> **Exercise details**
Find the line containing "Document page, 1241x1754 pixels." in the listing below. Repeat it exactly, along with each following line up to and including the one containing "text [Vervallen] [248, 1056, 1152, 1082]".

> **Input**

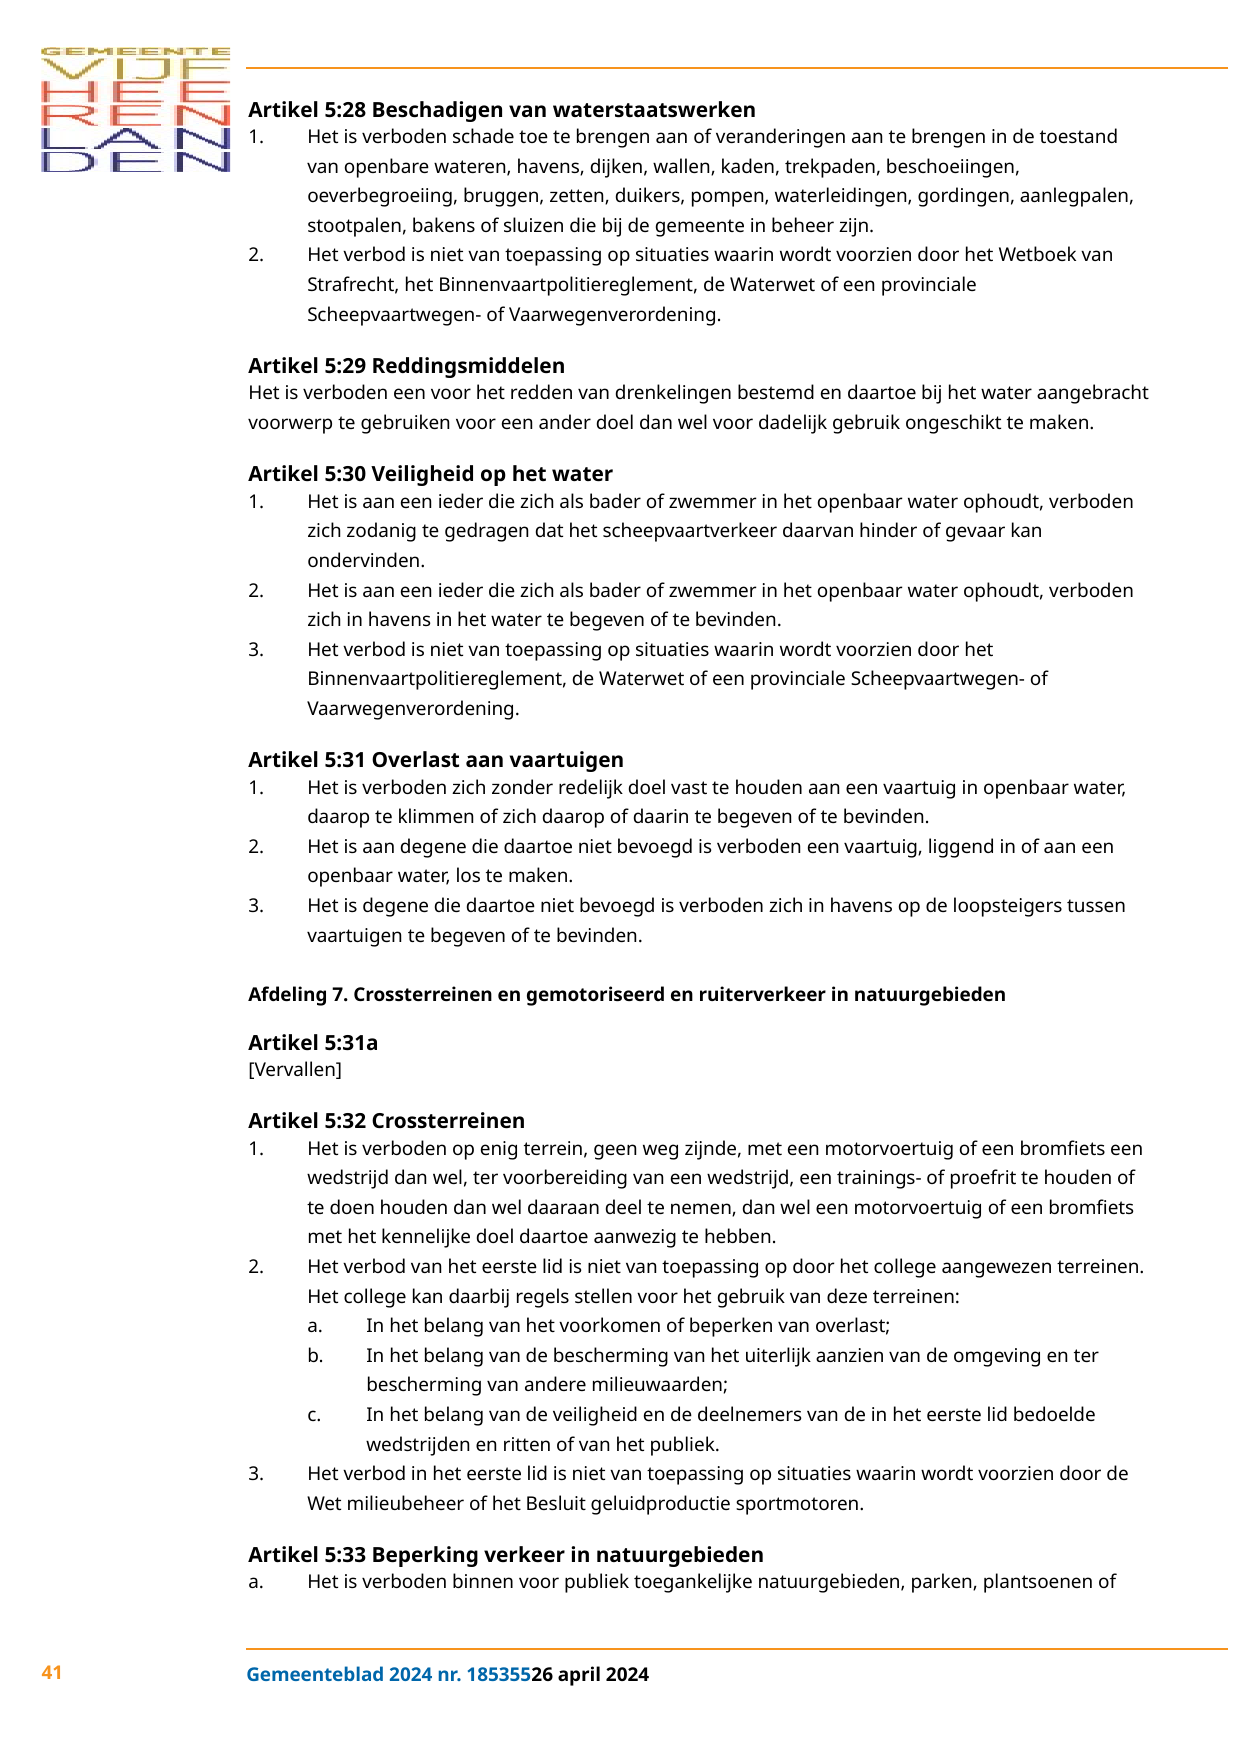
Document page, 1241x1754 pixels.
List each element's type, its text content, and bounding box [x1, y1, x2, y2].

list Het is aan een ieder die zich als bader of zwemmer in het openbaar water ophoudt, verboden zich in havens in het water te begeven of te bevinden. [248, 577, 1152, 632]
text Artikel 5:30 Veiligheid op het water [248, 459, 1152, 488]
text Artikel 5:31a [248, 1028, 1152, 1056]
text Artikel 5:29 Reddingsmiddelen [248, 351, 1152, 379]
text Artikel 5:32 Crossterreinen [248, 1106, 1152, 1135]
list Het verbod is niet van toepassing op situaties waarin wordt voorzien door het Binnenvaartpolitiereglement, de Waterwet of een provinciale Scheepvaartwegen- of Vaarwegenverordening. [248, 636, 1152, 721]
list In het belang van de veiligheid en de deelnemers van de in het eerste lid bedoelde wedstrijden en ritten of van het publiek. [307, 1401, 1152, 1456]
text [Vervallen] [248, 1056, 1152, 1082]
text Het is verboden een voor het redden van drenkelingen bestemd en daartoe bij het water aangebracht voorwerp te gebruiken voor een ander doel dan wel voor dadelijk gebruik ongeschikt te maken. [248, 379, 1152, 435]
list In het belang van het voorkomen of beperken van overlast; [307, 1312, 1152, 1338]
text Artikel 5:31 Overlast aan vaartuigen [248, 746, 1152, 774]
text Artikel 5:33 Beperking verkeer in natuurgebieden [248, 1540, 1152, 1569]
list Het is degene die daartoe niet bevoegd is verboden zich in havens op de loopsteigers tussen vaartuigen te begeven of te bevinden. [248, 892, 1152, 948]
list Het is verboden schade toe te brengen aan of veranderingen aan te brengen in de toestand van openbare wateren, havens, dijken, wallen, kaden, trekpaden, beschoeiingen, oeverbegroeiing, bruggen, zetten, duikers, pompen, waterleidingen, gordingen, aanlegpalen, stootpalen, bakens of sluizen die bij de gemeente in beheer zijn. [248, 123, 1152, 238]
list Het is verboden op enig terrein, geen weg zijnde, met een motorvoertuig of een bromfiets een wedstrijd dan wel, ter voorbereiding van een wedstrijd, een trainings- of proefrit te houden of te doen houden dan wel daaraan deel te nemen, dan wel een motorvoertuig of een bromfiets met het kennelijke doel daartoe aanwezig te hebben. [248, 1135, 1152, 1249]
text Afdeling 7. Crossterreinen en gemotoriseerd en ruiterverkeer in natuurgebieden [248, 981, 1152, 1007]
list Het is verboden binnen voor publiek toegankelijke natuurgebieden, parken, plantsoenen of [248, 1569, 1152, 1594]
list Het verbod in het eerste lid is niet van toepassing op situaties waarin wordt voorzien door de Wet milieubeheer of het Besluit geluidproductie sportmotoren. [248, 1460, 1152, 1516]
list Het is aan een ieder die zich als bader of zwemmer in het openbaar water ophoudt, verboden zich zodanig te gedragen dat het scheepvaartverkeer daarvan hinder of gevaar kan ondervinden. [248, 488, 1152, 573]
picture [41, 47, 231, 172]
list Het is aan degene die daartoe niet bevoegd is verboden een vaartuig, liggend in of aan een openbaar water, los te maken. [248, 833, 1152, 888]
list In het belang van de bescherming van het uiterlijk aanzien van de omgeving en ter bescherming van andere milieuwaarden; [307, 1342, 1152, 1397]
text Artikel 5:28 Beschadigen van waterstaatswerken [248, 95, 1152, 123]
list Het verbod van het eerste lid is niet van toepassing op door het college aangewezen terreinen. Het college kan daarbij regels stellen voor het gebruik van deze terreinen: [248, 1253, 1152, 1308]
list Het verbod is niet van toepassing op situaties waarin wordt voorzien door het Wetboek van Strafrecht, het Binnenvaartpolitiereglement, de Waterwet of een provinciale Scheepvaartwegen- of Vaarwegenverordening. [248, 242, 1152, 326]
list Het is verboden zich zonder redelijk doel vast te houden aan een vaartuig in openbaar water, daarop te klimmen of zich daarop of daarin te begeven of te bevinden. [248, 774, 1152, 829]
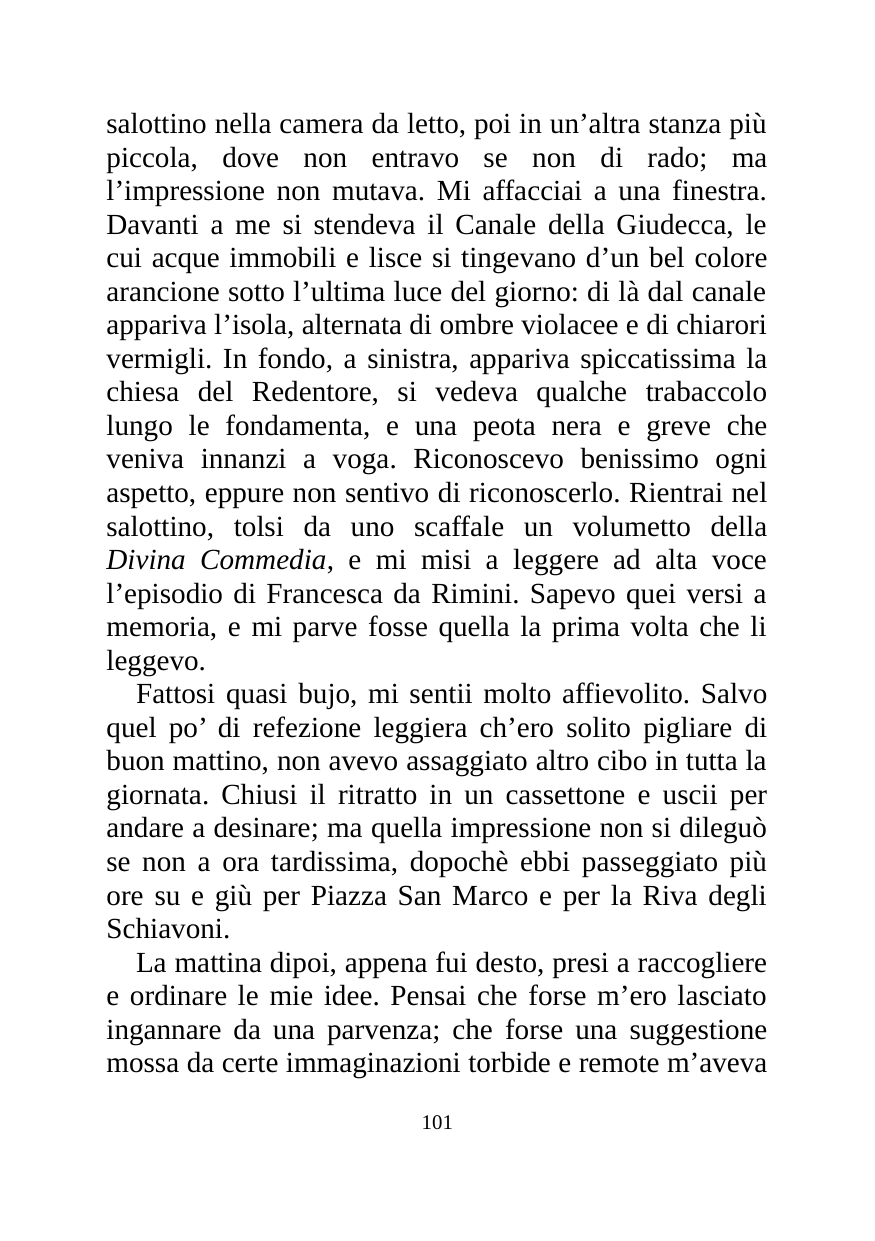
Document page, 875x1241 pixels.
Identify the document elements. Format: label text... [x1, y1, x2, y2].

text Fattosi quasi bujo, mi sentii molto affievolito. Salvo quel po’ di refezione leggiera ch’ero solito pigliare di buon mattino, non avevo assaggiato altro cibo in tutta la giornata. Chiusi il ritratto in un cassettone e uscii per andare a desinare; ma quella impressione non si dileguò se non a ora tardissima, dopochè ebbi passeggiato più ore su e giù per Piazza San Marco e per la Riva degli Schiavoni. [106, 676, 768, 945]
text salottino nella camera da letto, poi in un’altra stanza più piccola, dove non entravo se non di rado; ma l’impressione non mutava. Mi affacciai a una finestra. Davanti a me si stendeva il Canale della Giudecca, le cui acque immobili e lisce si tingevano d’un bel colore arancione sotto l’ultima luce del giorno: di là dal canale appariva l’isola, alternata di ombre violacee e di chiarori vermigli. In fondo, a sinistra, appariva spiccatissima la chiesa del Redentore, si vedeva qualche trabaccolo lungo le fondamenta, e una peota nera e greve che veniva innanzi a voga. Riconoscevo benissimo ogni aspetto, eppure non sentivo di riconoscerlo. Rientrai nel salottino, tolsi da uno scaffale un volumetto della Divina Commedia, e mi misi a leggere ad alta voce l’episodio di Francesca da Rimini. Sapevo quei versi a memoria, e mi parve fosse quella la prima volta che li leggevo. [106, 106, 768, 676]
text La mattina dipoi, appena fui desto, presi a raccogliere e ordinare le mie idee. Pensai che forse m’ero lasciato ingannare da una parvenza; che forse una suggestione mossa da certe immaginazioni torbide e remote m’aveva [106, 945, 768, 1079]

* * *

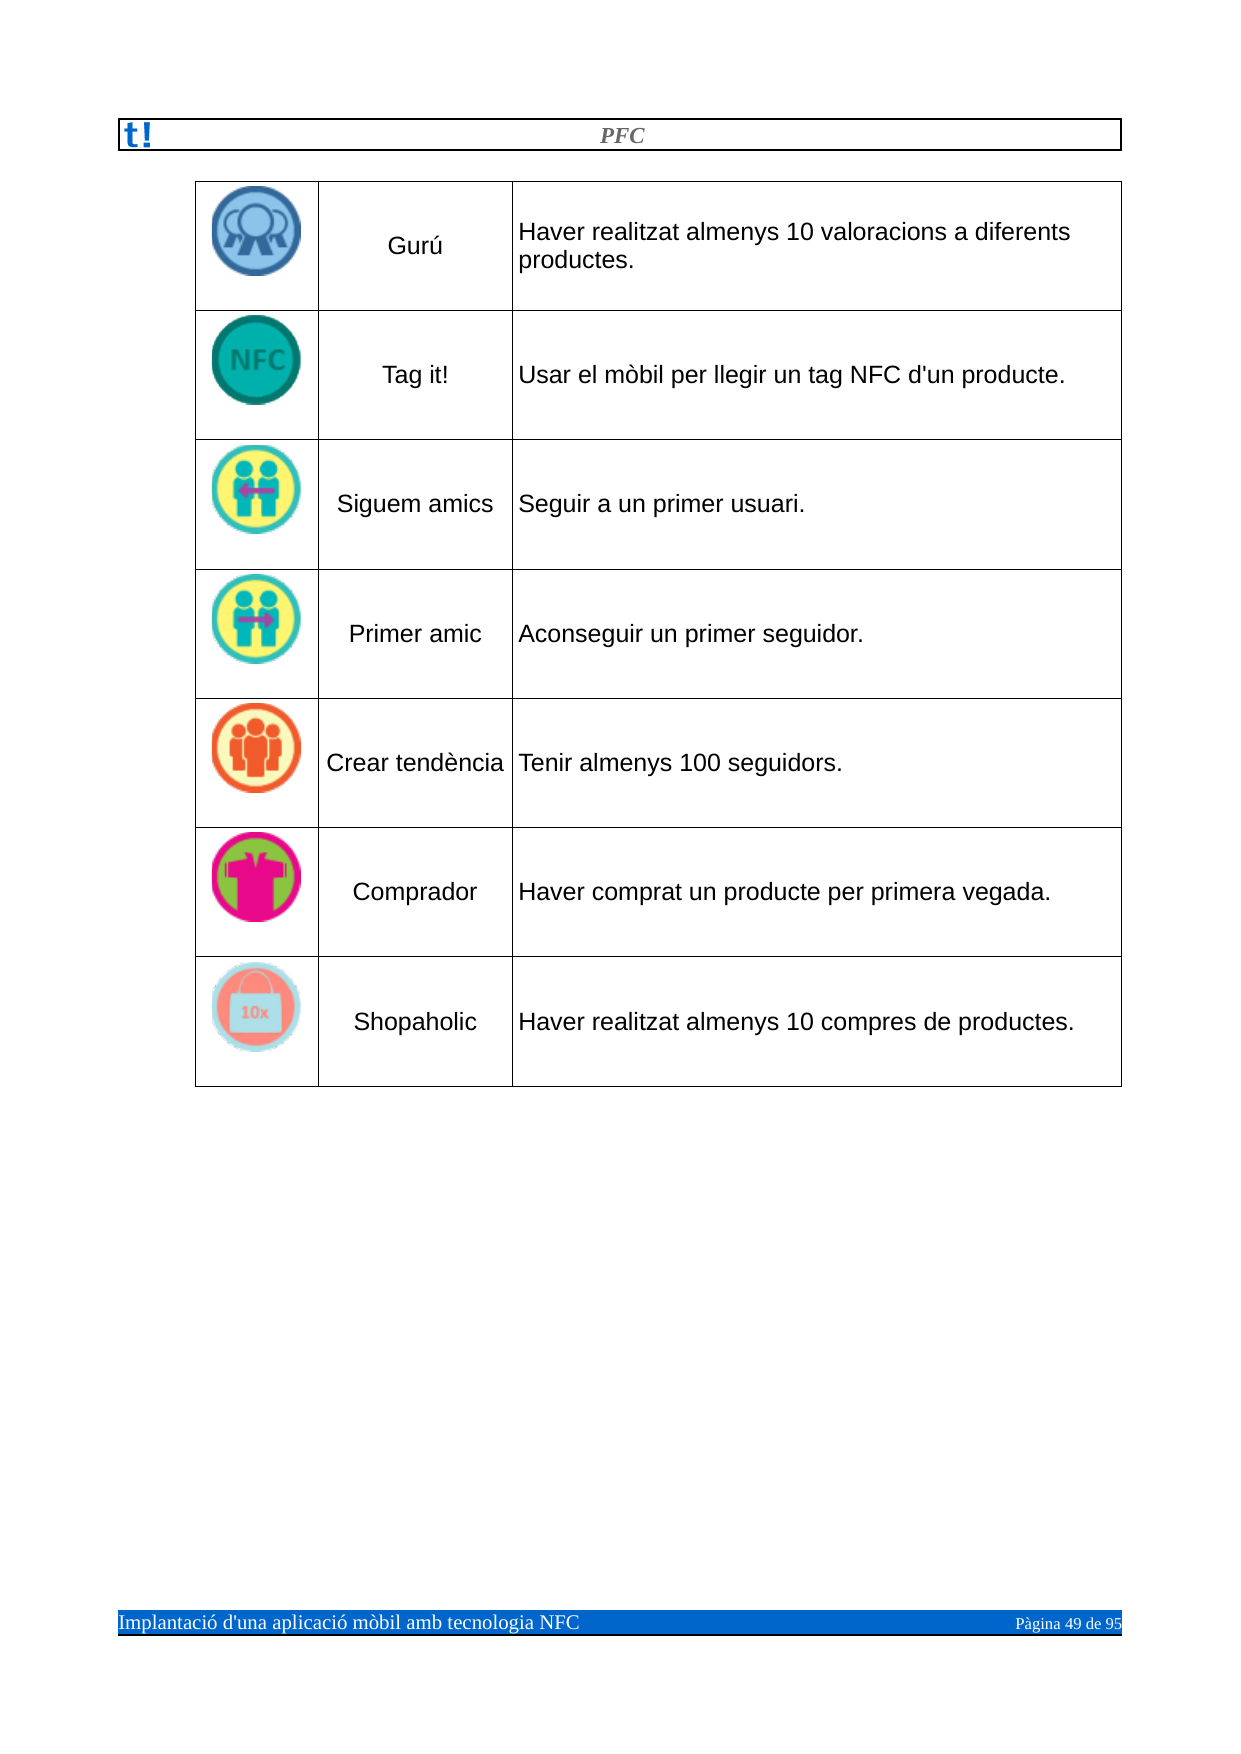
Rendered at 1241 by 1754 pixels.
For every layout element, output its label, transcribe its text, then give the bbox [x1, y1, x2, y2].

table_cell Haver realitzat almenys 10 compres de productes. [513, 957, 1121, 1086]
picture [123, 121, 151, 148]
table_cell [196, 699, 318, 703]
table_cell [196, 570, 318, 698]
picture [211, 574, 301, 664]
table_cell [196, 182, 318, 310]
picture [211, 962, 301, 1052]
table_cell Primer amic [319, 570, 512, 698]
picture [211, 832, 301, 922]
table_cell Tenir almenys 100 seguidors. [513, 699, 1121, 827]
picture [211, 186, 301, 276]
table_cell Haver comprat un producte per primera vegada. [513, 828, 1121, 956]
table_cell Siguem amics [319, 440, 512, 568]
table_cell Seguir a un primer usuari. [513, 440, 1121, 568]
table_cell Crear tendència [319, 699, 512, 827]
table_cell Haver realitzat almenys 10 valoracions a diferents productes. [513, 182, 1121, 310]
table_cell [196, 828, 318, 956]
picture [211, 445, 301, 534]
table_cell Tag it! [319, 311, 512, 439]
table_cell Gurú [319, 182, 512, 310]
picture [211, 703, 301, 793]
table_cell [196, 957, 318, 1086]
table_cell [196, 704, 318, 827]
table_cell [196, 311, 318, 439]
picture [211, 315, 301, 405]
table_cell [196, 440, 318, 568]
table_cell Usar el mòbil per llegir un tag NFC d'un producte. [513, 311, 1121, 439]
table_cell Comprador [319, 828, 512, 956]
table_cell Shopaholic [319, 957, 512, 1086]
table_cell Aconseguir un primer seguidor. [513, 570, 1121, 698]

> **Answer**
Document page, 1241x1754 pixels.
List each element's type, its text content, and bounding box [x1, y1, x2, y2].

list Het is aan een ieder die zich als bader of zwemmer in het openbaar water ophoudt, verboden zich in havens in het water te begeven of te bevinden. [248, 577, 1152, 632]
text Artikel 5:30 Veiligheid op het water [248, 459, 1152, 488]
text Artikel 5:31a [248, 1028, 1152, 1056]
text Artikel 5:29 Reddingsmiddelen [248, 351, 1152, 379]
text Artikel 5:32 Crossterreinen [248, 1106, 1152, 1135]
list Het verbod is niet van toepassing op situaties waarin wordt voorzien door het Binnenvaartpolitiereglement, de Waterwet of een provinciale Scheepvaartwegen- of Vaarwegenverordening. [248, 636, 1152, 721]
list In het belang van de veiligheid en de deelnemers van de in het eerste lid bedoelde wedstrijden en ritten of van het publiek. [307, 1401, 1152, 1456]
text [Vervallen] [248, 1056, 1152, 1082]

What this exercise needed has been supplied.